**Your objective:** Beginning at the top of the entries below, retype each line exactly until the line containing "- **name**: position" has been written out; include no pictures and no later lines.

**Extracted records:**
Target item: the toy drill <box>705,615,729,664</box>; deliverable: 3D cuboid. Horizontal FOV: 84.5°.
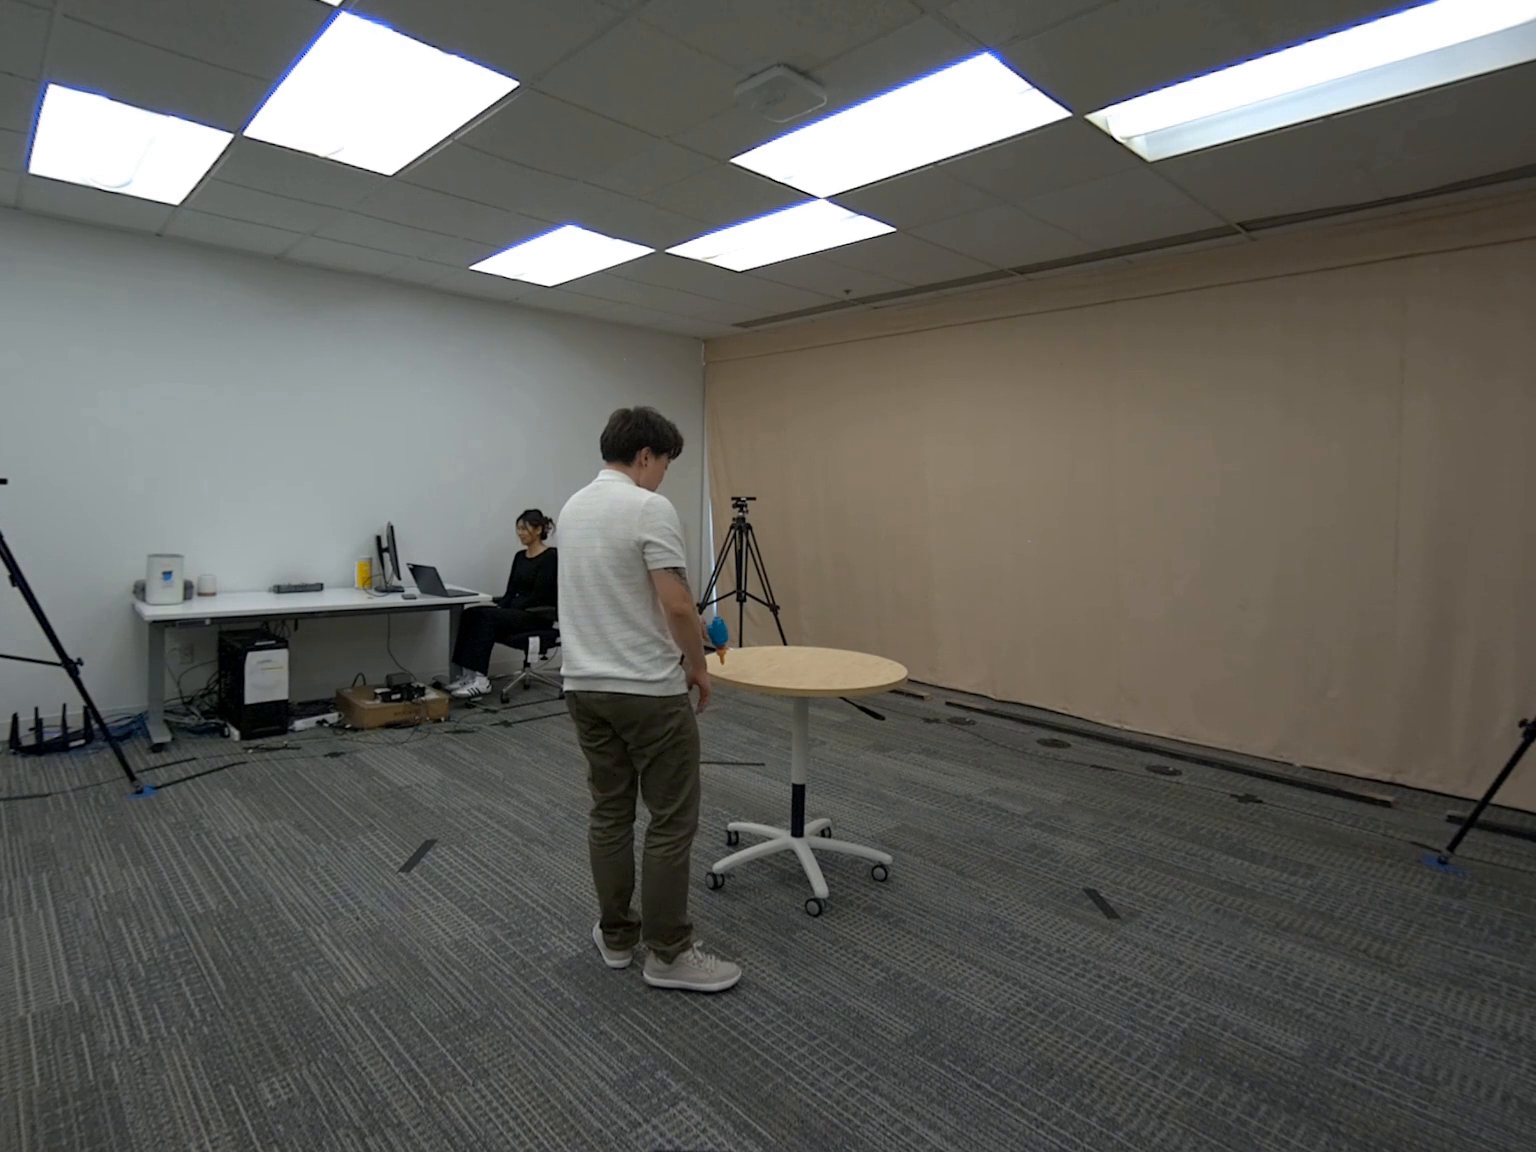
[{"bbox_3d":[-0.223,0.231,2.893,0.145,0.169,0.061,-7,4,-4],"label":"toy drill"}]
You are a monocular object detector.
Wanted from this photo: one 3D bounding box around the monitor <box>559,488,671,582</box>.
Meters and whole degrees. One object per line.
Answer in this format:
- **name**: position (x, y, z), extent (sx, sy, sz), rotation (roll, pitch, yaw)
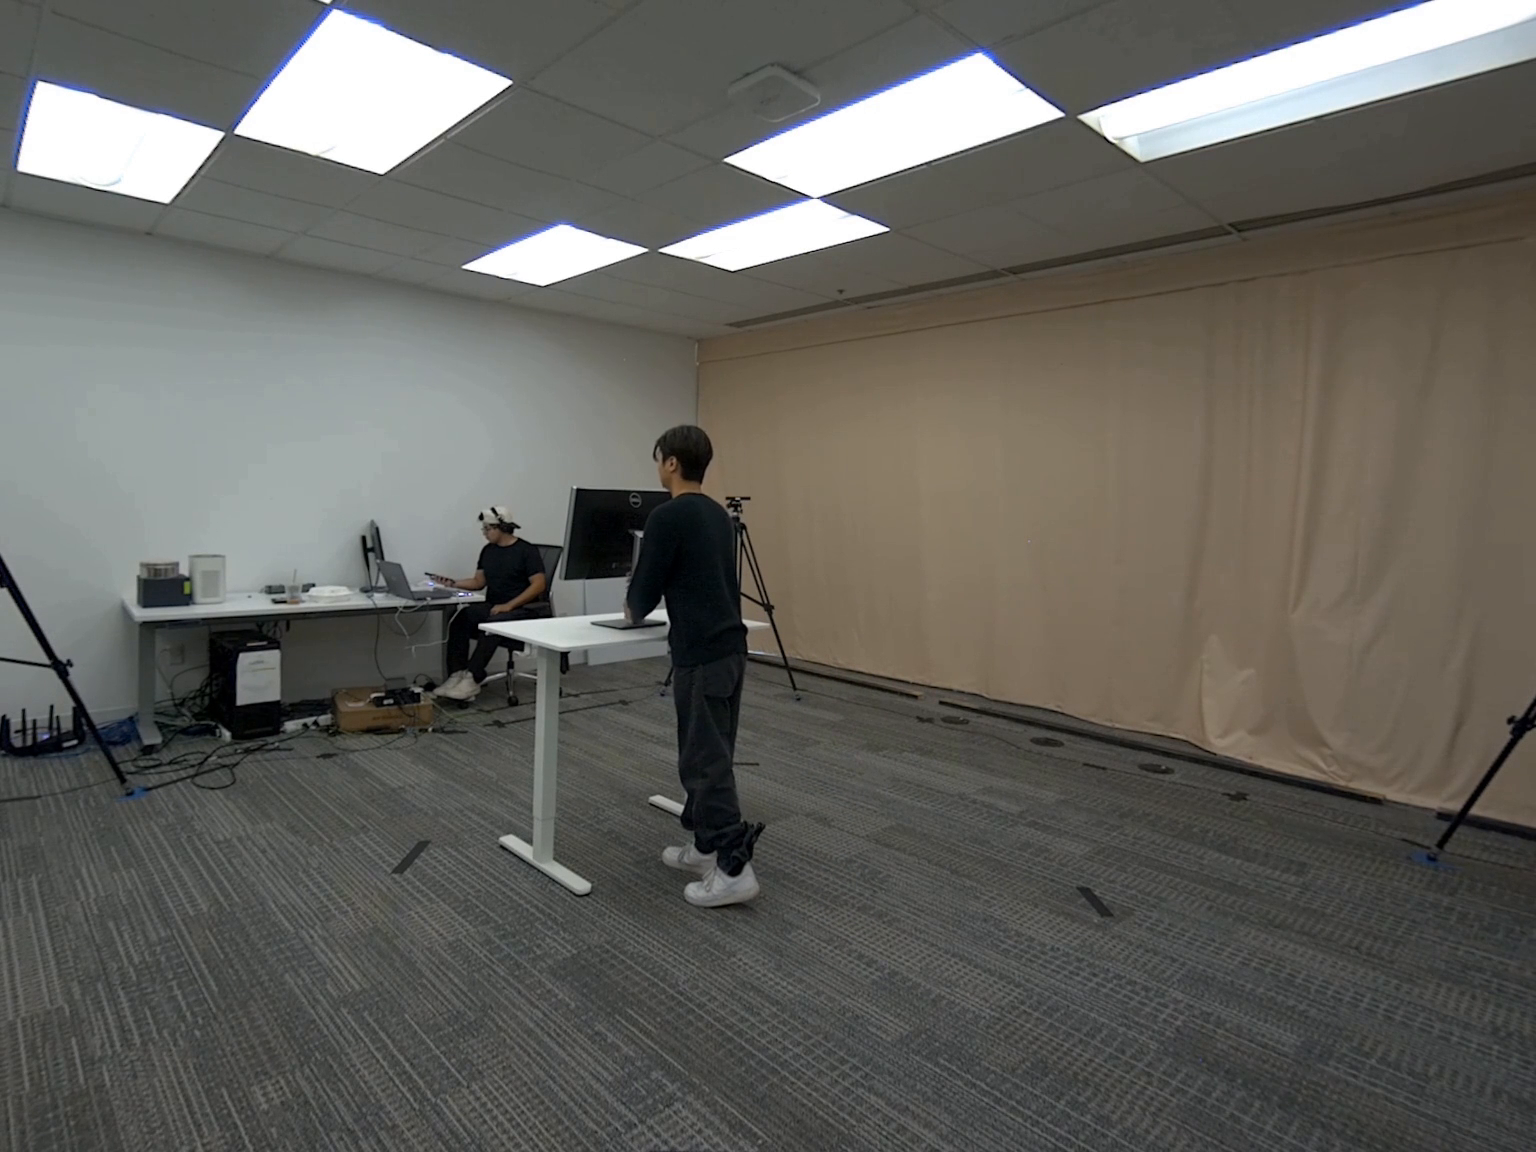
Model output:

**Output:**
Target item: the toy drill <box>705,615,729,664</box>; deliverable: 3D cuboid. Horizontal FOV: 84.5°.
[{"bbox_3d":[-0.223,0.231,2.893,0.145,0.169,0.061,-7,4,-4],"label":"toy drill"}]
You are a monocular object detector.
Wanted from this photo: one 3D bounding box around the monitor <box>559,488,671,582</box>.
Meters and whole degrees. One object per line.
Answer in this format:
- **name**: position (x, y, z), extent (sx, sy, sz), rotation (roll, pitch, yaw)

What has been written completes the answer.